La decisión de dedicarse a la ciencia no era fácil para una chica en la Inglaterra de 1900 en la que las mujeres no tenían ni siquiera derecho al voto. Tan solo hacía veinte años que habían logrado acceder a los estudios superiores, principalmente para ejercer como maestras. A ella, sin embargo, lo que de veras le aterraba era la idea de que se descubriera todo antes de tener la edad suficiente para iniciarse. Fue esa inquietud la que en 1919 le llevó a estudiar Ciencias en la Universidad de Cambridge.

Cecilia Payne. Fuente "Next Einstein Forum"

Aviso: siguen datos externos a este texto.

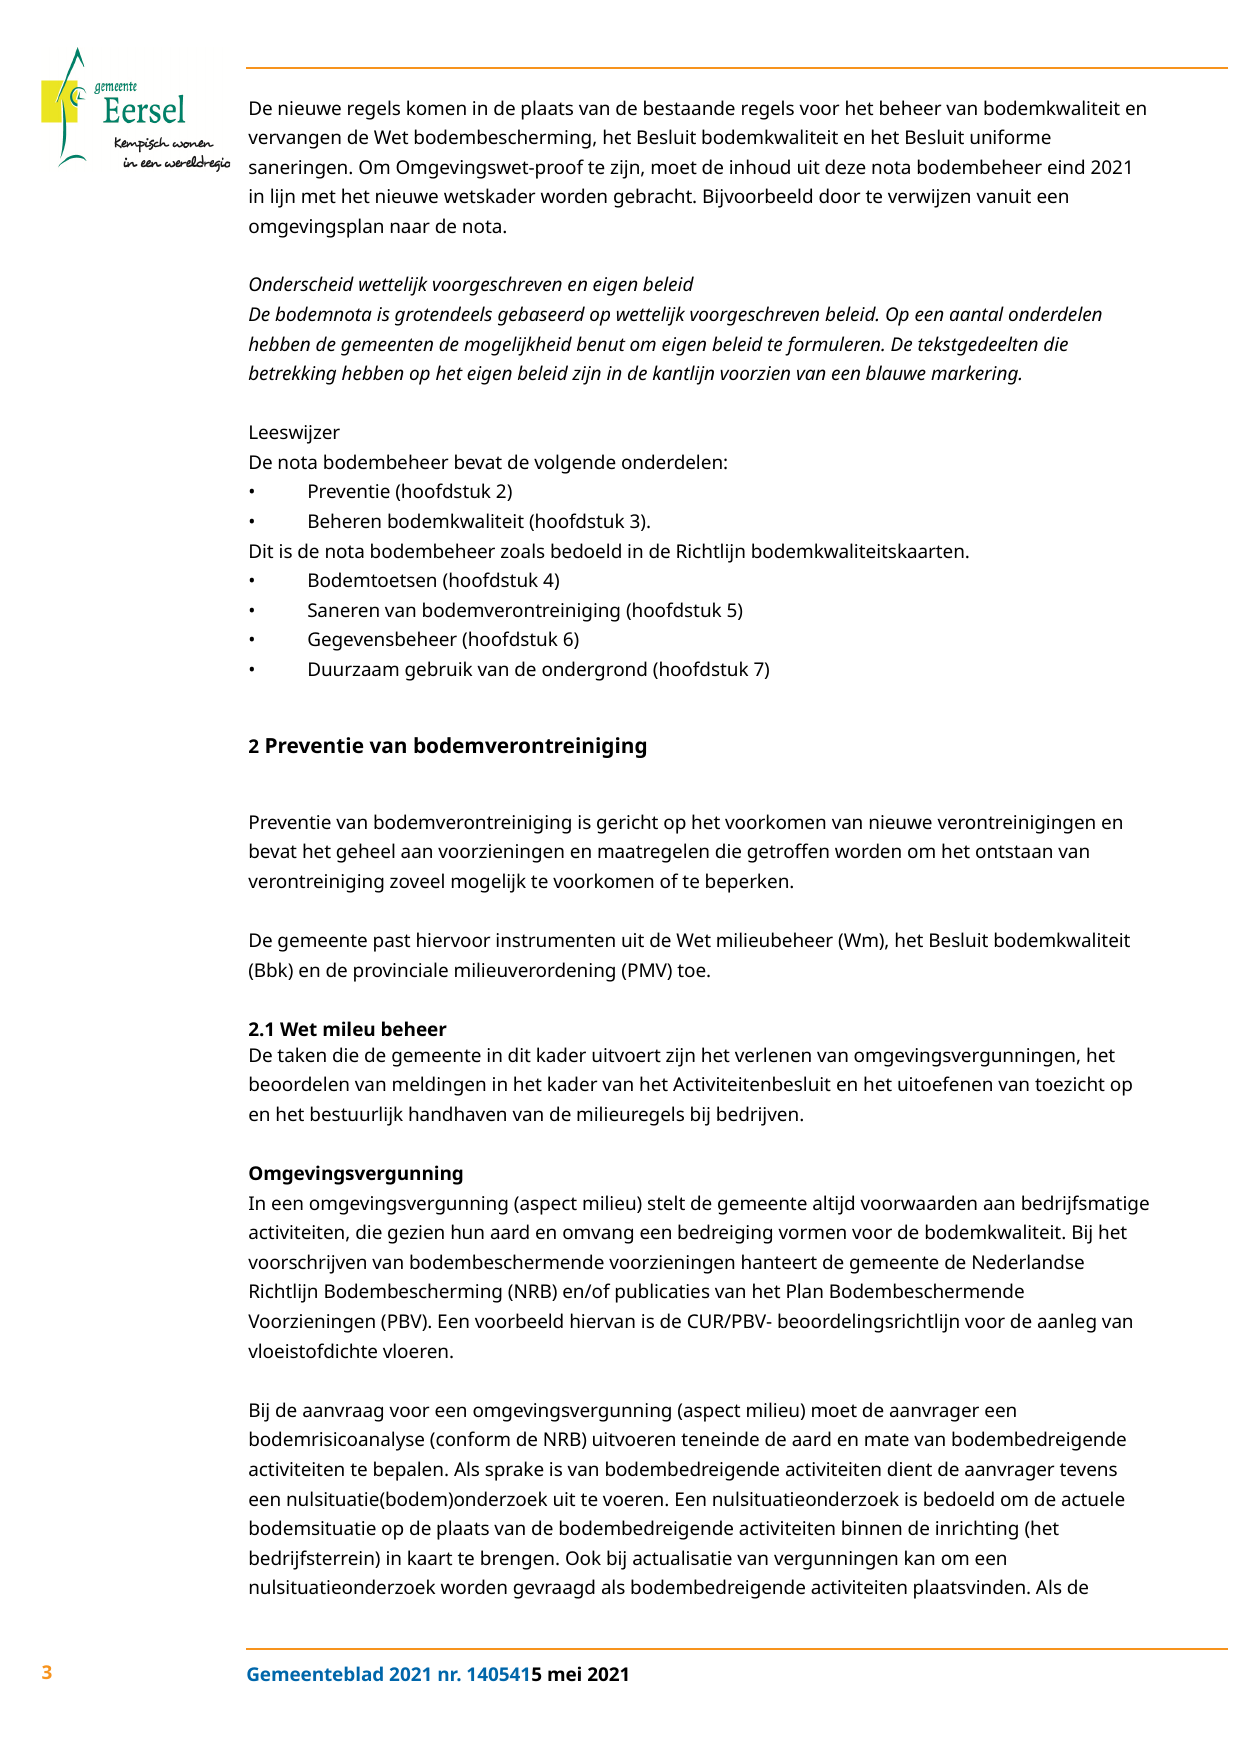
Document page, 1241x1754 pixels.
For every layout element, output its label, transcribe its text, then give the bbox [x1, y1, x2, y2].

list Beheren bodemkwaliteit (hoofdstuk 3). [248, 508, 1152, 534]
text De nota bodembeheer bevat de volgende onderdelen: [248, 449, 1152, 475]
text De bodemnota is grotendeels gebaseerd op wettelijk voorgeschreven beleid. Op een aantal onderdelen hebben de gemeenten de mogelijkheid benut om eigen beleid te formuleren. De tekstgedeelten die betrekking hebben op het eigen beleid zijn in de kantlijn voorzien van een blauwe markering. [248, 301, 1152, 386]
list Bodemtoetsen (hoofdstuk 4) [248, 567, 1152, 593]
list Saneren van bodemverontreiniging (hoofdstuk 5) [248, 597, 1152, 623]
text Dit is de nota bodembeheer zoals bedoeld in de Richtlijn bodemkwaliteitskaarten. [248, 538, 1152, 564]
text De gemeente past hiervoor instrumenten uit de Wet milieubeheer (Wm), het Besluit bodemkwaliteit (Bbk) en de provinciale milieuverordening (PMV) toe. [248, 927, 1152, 983]
text Bij de aanvraag voor een omgevingsvergunning (aspect milieu) moet de aanvrager een bodemrisicoanalyse (conform de NRB) uitvoeren teneinde de aard en mate van bodembedreigende activiteiten te bepalen. Als sprake is van bodembedreigende activiteiten dient de aanvrager tevens een nulsituatie(bodem)onderzoek uit te voeren. Een nulsituatieonderzoek is bedoeld om de actuele bodemsituatie op de plaats van de bodembedreigende activiteiten binnen de inrichting (het bedrijfsterrein) in kaart te brengen. Ook bij actualisatie van vergunningen kan om een nulsituatieonderzoek worden gevraagd als bodembedreigende activiteiten plaatsvinden. Als de [248, 1397, 1152, 1600]
text De taken die de gemeente in dit kader uitvoert zijn het verlenen van omgevingsvergunningen, het beoordelen van meldingen in het kader van het Activiteitenbesluit en het uitoefenen van toezicht op en het bestuurlijk handhaven van de milieuregels bij bedrijven. [248, 1042, 1152, 1127]
text Preventie van bodemverontreiniging is gericht op het voorkomen van nieuwe verontreinigingen en bevat het geheel aan voorzieningen en maatregelen die getroffen worden om het ontstaan van verontreiniging zoveel mogelijk te voorkomen of te beperken. [248, 809, 1152, 894]
text Leeswijzer [248, 419, 1152, 445]
list Preventie (hoofdstuk 2) [248, 479, 1152, 504]
text Onderscheid wettelijk voorgeschreven en eigen beleid [248, 272, 1152, 297]
text 2.1 Wet mileu beheer [248, 1016, 1152, 1042]
list Gegevensbeheer (hoofdstuk 6) [248, 627, 1152, 652]
list Duurzaam gebruik van de ondergrond (hoofdstuk 7) [248, 656, 1152, 682]
text Omgevingsvergunning [248, 1160, 1152, 1186]
text In een omgevingsvergunning (aspect milieu) stelt de gemeente altijd voorwaarden aan bedrijfsmatige activiteiten, die gezien hun aard en omvang een bedreiging vormen voor de bodemkwaliteit. Bij het voorschrijven van bodembeschermende voorzieningen hanteert de gemeente de Nederlandse Richtlijn Bodembescherming (NRB) en/of publicaties van het Plan Bodembeschermende Voorzieningen (PBV). Een voorbeeld hiervan is de CUR/PBV- beoordelingsrichtlijn voor de aanleg van vloeistofdichte vloeren. [248, 1190, 1152, 1363]
table_header De nieuwe regels komen in de plaats van de bestaande regels voor het beheer van bodemkwaliteit en vervangen de Wet bodembescherming, het Besluit bodemkwaliteit en het Besluit uniforme saneringen. Om Omgevingswet-proof te zijn, moet de inhoud uit deze nota bodembeheer eind 2021 in lijn met het nieuwe wetskader worden gebracht. Bijvoorbeeld door te verwijzen vanuit een omgevingsplan naar de nota. [248, 95, 1152, 239]
text 2 Preventie van bodemverontreiniging [248, 731, 1152, 760]
picture [41, 47, 231, 172]

Su llegada a la universidad coincidió con una tremenda convulsión en la comprensión del mundo físico. Hasta finales del siglo XIX, se pensaba que todos los fenómenos de la naturaleza podían, en último término, explicarse mecánicamente. Pero, por alguna razón, esto no funcionaba en relación al átomo. En 1913, el físico danés Niels Bohr dedujo que el espectro atómico, algo así como el código de barras que identifica a cada elemento químico al absorber o emitir luz, se generaba por el salto de los electrones atómicos de una órbita a otra. Asociado a cada nivel de energía hay un color o para ser más precisos, una longitud de onda. Una barra, si continuamos con el símil del código de barras. La fotografía podía ser muy útil para identificar cada uno de los elementos de la tabla periódica, por simple visualización y análisis de la posición de las líneas de absorción o emisión en su espectro.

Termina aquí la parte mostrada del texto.